[Start of section]
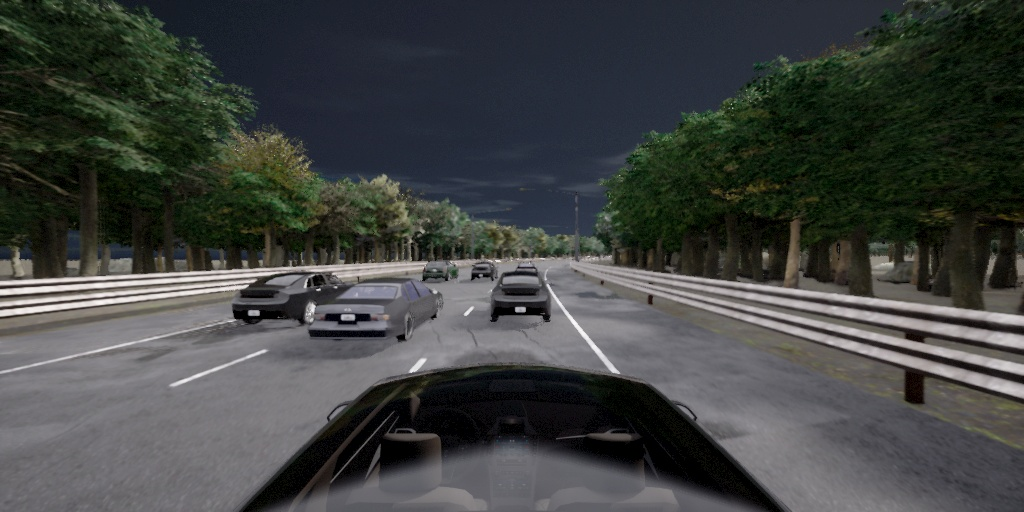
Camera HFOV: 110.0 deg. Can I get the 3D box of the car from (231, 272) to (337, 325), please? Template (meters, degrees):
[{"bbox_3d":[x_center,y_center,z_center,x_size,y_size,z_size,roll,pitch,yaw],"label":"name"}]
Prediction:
[{"bbox_3d":[-6.716,1.256,11.833,1.837,1.490,4.892,0,0,1],"label":"car"}]

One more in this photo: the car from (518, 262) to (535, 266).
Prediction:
[{"bbox_3d":[1.261,1.276,30.717,2.128,1.511,4.902,0,0,4],"label":"car"}]

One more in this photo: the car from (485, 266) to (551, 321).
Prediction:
[{"bbox_3d":[0.316,1.266,12.517,1.837,1.490,4.892,0,0,2],"label":"car"}]

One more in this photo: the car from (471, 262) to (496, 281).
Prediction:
[{"bbox_3d":[-2.265,1.284,30.479,1.837,1.490,4.892,0,0,4],"label":"car"}]

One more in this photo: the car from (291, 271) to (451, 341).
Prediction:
[{"bbox_3d":[-3.281,1.301,9.810,2.033,1.411,5.357,0,0,1],"label":"car"}]

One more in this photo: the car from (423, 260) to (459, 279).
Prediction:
[{"bbox_3d":[-5.822,1.126,29.738,2.097,1.767,4.553,0,0,4],"label":"car"}]
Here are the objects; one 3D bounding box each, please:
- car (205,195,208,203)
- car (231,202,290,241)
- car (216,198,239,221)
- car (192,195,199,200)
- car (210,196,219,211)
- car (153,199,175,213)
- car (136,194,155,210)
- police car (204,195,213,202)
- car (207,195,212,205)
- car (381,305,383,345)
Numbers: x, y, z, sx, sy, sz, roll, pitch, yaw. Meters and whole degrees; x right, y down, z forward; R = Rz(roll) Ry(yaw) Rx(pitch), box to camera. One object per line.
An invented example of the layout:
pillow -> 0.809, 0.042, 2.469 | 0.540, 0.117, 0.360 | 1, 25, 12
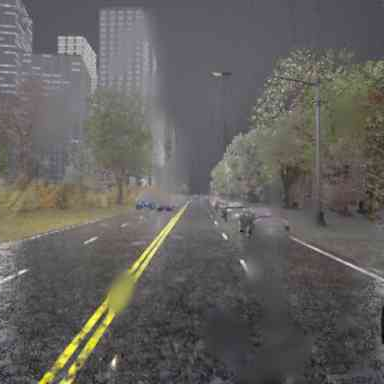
[End of section]
* _Work item_: Of the lines in the listing above, count those containing the word "please", and state the count alone.

* _Your solution_: 2